Un Père Noël professionnel gagne en moyenne 15 euros de l’heure, soit l’équivalent du SMIC horaire. Sur une journée complète de 7 heures, la rémunération oscille entre 150 et 180 euros nets. À l’échelle d’une saison complète (novembre à fin décembre), les revenus varient de 1 500 euros pour un débutant à 7 000 euros pour un intermittent expérimenté. Ces chiffres masquent toutefois des réalités très contrastées selon le lieu d’exercice, le profil du professionnel et le type de prestation.
| Type de prestation | Tarif horaire | Tarif journalier | Revenu sur la saison |
|---|---|---|---|
| Petit marché de Noël | 10,25 à 11,52 € | 72 à 80 € | 800 à 1 200 € |
| Centre commercial / Grand magasin | 15 € | 150 à 180 € | 1 500 à 3 000 € |
| Prestation à domicile | 17 à 20 € | Variable | Variable selon volume |
| Événement entreprise haut de gamme | 40 à 150 € | 300 à 1 000 € | Variable selon missions |
| Intermittent expérimenté | Variable | Variable | 7 000 € |
📋 L’essentiel à retenir
- La majorité des Pères Noël travaillent sous contrat saisonnier (CDD ou intermittence du spectacle)

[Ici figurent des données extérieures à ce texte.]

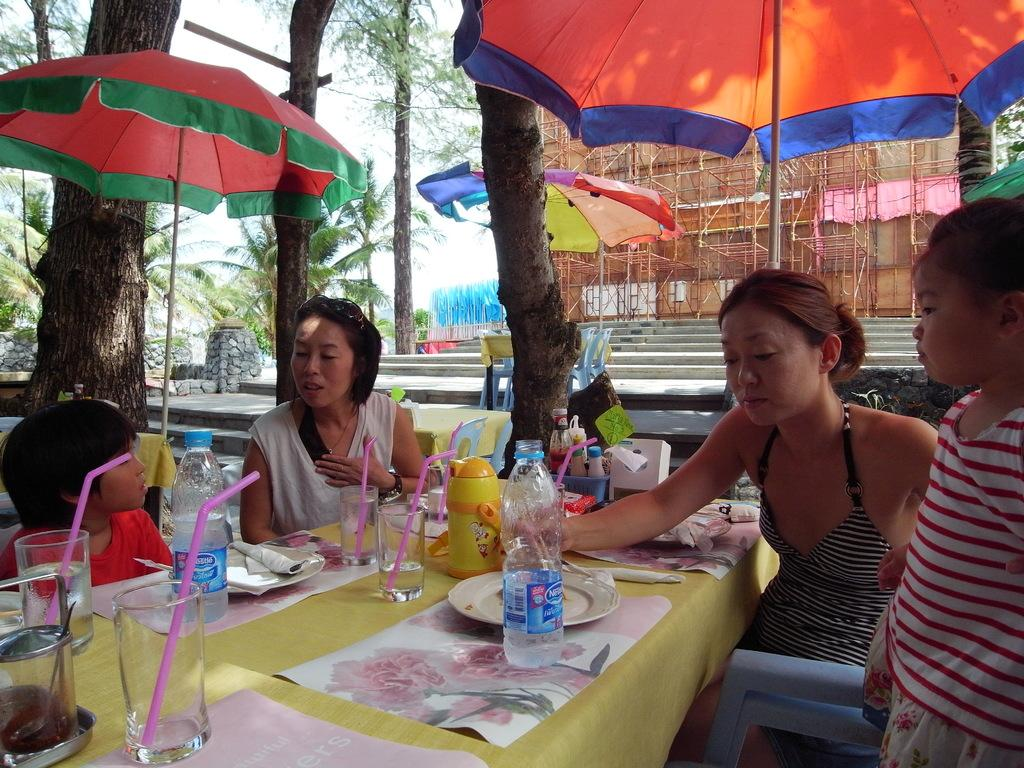What are the people in the image doing? There is a group of people seated in the image. What is on the table in the image? Water bottles, glasses, and plates are present on the table. How many umbrellas can be seen in the image? There are two umbrellas in the image. What type of writing can be seen on the plates in the image? There is no writing visible on the plates in the image. How many snails are crawling on the table in the image? There are no snails present in the image. 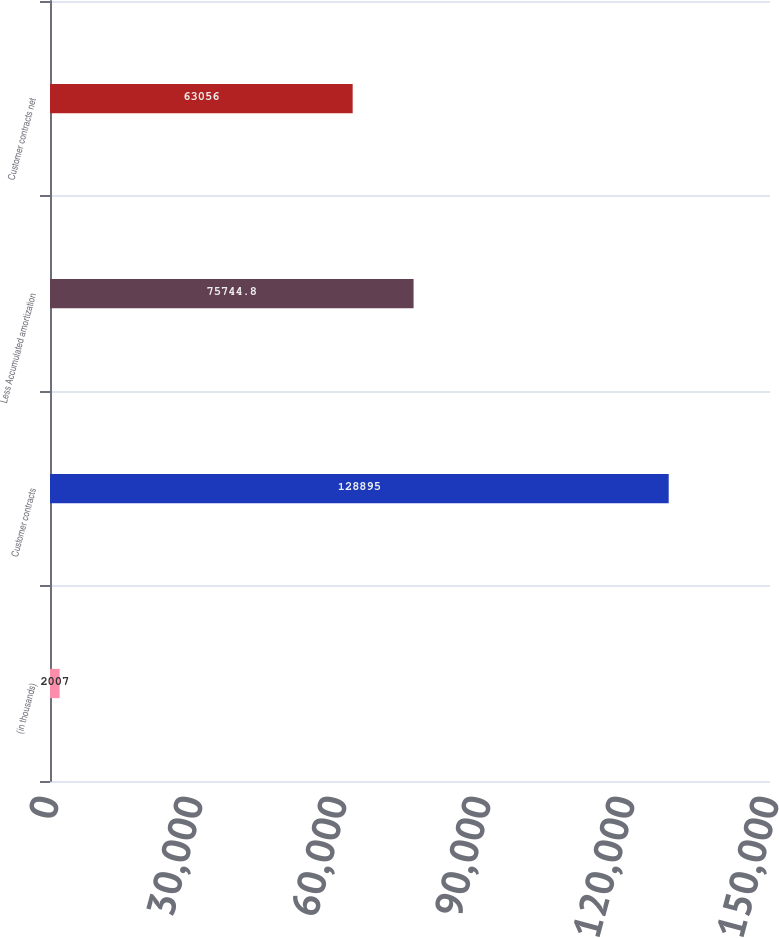Convert chart to OTSL. <chart><loc_0><loc_0><loc_500><loc_500><bar_chart><fcel>(in thousands)<fcel>Customer contracts<fcel>Less Accumulated amortization<fcel>Customer contracts net<nl><fcel>2007<fcel>128895<fcel>75744.8<fcel>63056<nl></chart>

- Les retraités de 60 à 75 ans avec vraie barbe blanche sont considérés comme des « perles rares »
- Une pénurie de candidats depuis 2020 a fait grimper certains tarifs jusqu’à 400 euros pour 3 heures
- L’agence Monica Médias fournit entre 200 et 300 Pères Noël chaque année en Île-de-France
- Les conditions de travail incluent position assise prolongée, port du costume et gestion d’enfants parfois terrorisés
Quel salaire touche un Père Noël en France
Ce métier saisonnier concentre son activité sur deux mois : novembre et décembre. Les écarts de rémunération s’expliquent par plusieurs facteurs comme le lieu d’exercice, l’expérience du professionnel, la qualité du costume et le type de clientèle visée. Un débutant sur un petit marché de Noël en province ne touchera jamais les mêmes montants qu’un comédien aguerri engagé par une agence événementielle parisienne.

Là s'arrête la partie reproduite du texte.